Note: So this was just meant as a little writing exercise at 4am, picking the first song my iTunes brought up on shuffle and running with it. I'm not sure it's really worth sharing, but it's 5am so what the hell. So here's a little drabble set during Sherlock's time away tracking down Moriarty's network, for whatever that's worth. It might help to put on a Chopin piece while you read.
And yes, in my mind this takes place in the world of "What He Likes" and "The Sign of the Four", though it's not at all necessary to have read those. And if you have, be forewarned that this drabble isn't the carefully planned standard for me, but my brain just spilling over in the wee hours.
Oh, and this is definitely inspired by my own experiences of Krakow, which I rate as one of my favorite cities in Europe.
It was like a ship cast adrift in the sea, this little hotel room in Krakow.
Which was an absurd, annoyingly poetic notion and Sherlock really had no idea why he'd had it.

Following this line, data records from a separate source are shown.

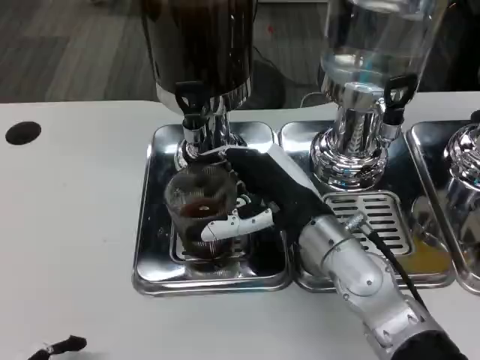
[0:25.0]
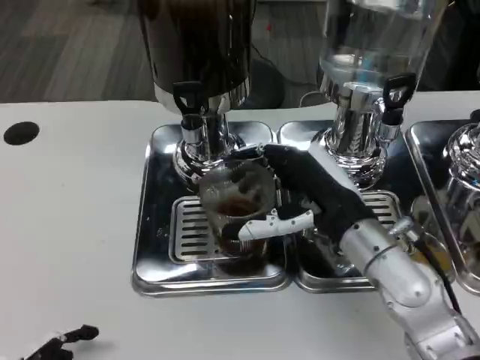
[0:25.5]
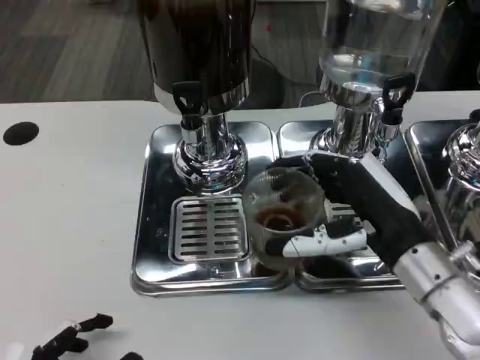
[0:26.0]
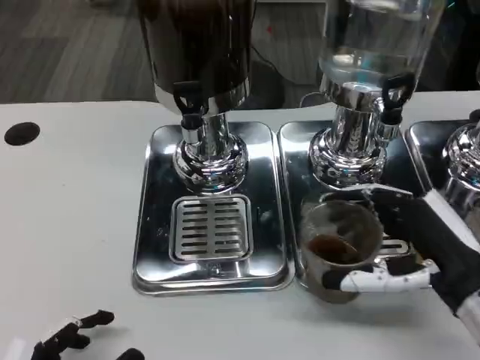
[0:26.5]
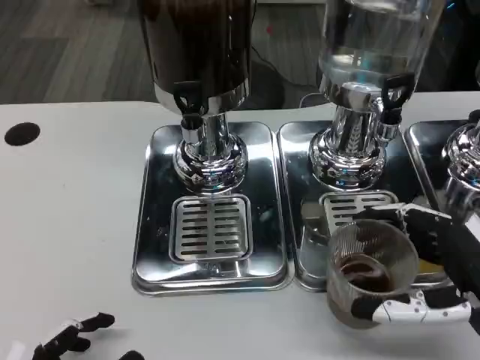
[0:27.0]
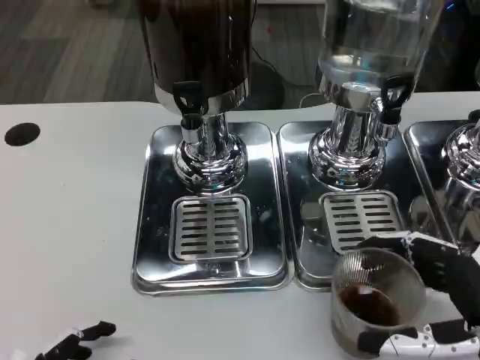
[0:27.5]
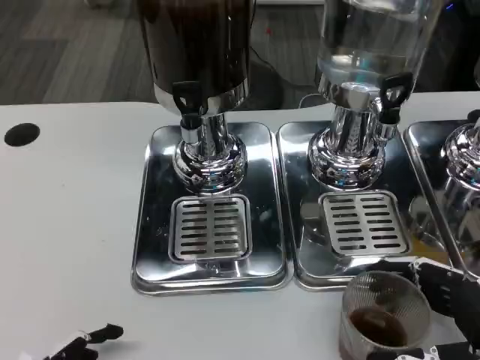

Far from his normal line of thinking. But he thought perhaps he should blame Chopin. That sentimental, melancholy man. Yes, music had to be the culprit. That was logical, given Sherlock's own musical inclinations and gifts. This city was practically splitting its seams with Chopin, with the desire to remind every tourist that this was the great pianist's land. Recitals in upper rooms. Casts of his hands in the museum. His heart and soul and notes seeping even into hotel rooms where they had no right to be.
It was impossible to escape. A recital going on in the same row of old city centre building as the hotel. The sound drifted up to Sherlock through the walls and floors, the mournful, delicate melodies ebbing and flowing. He closed his eyes involuntarily.
Slowly, very gradually, everything else began slipping away. His self-declared mission. His targets. Even the little kit, syringe and vile and cotton wool with a spoon, tucked away behind a false-walled section of his little travel bag. That extra boost he often needed to keep his mind sharp. Even that was washed away by the melody drifting up, rising like gentle waves.
Ah, how a violin would compliment this nocturne, he thought. Slow notes, the bow drawn gently across the strings. A countermelody, sadder than the light, trilling notes of the piano. Echo and response. Sherlock could imagine his fingers sliding across the neck, could feel the pressure of fingertips on strings, the quick tremor of vibrato from his wrist. He could hear the music he'd add to the music that assaulted him so pleasantly and entirely without invite.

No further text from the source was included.